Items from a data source
--*--

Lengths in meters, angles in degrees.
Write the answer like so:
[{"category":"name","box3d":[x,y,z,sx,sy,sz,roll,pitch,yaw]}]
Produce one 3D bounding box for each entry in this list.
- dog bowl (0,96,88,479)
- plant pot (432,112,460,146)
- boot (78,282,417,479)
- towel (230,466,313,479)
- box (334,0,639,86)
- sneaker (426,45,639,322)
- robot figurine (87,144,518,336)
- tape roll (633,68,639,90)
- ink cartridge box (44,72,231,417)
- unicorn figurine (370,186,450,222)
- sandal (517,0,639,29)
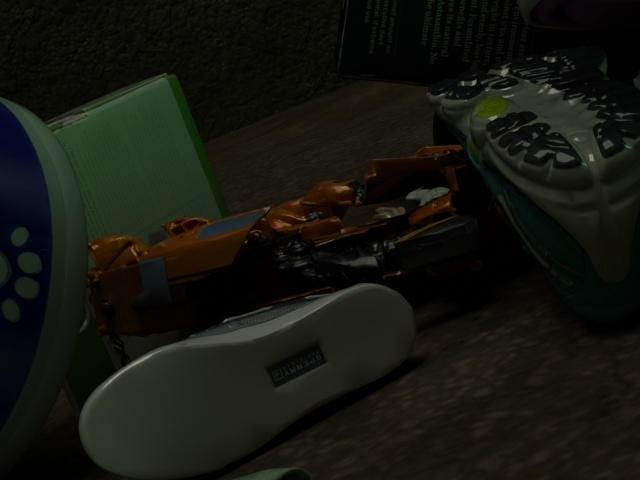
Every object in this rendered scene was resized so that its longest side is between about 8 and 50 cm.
[{"category":"dog bowl","box3d":[-0.264,0.029,0.786,0.265,0.265,0.104,-14,-20,36]},{"category":"plant pot","box3d":[0.156,-0.098,1.178,0.079,0.083,0.083,-14,5,-32]},{"category":"boot","box3d":[-0.044,0.076,0.710,0.190,0.069,0.086,-17,0,-24]},{"category":"towel","box3d":[-0.193,0.173,0.556,0.324,0.038,0.248,-16,11,32]},{"category":"box","box3d":[0.168,-0.218,1.155,0.294,0.183,0.296,8,11,-2]},{"category":"sneaker","box3d":[0.124,-0.041,0.746,0.107,0.110,0.275,-13,20,4]},{"category":"robot figurine","box3d":[0.000,0.000,0.877,0.291,0.085,0.211,-14,3,24]},{"category":"tape roll","box3d":[0.313,-0.086,0.690,0.286,0.100,0.286,-21,11,4]},{"category":"ink cartridge box","box3d":[-0.174,0.001,0.987,0.097,0.189,0.255,-15,12,31]},{"category":"unicorn figurine","box3d":[0.122,-0.041,1.007,0.162,0.060,0.111,-41,15,-12]},{"category":"sandal","box3d":[0.202,-0.151,0.727,0.169,0.102,0.416,-6,-2,4]}]
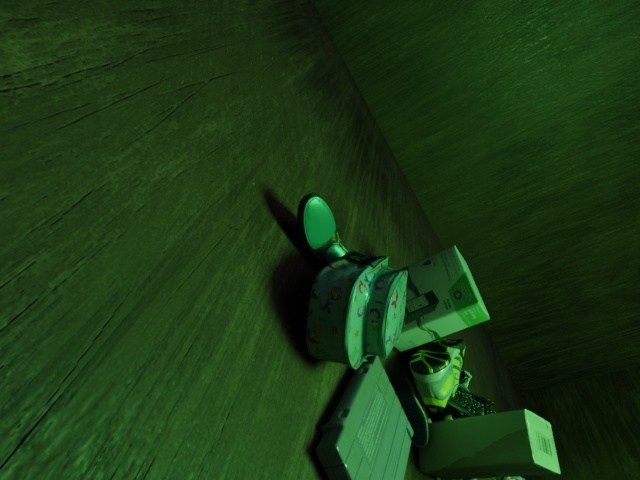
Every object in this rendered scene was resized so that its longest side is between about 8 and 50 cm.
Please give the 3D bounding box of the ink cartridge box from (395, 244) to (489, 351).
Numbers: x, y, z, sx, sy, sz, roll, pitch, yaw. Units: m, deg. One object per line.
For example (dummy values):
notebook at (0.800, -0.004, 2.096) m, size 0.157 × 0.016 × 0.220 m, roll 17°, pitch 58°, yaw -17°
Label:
ink cartridge box at (0.319, 0.179, 1.332) m, size 0.121 × 0.289 × 0.211 m, roll 42°, pitch 28°, yaw -45°

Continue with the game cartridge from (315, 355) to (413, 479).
game cartridge at (0.105, 0.417, 0.934) m, size 0.230 × 0.068 × 0.355 m, roll 61°, pitch 22°, yaw -1°

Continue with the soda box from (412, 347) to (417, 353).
soda box at (0.381, 0.413, 1.540) m, size 0.210 × 0.067 × 0.071 m, roll 62°, pitch 22°, yaw -8°

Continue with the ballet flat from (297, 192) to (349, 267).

--*--

→ **TRY IT**
The lines to copy are those above that contain the string "bounding".

→ **SOLUTION TO THE PROBLEM**
Produce one 3D bounding box for each entry in this list.
Please give the 3D bounding box of the ink cartridge box from (395, 244) to (489, 351).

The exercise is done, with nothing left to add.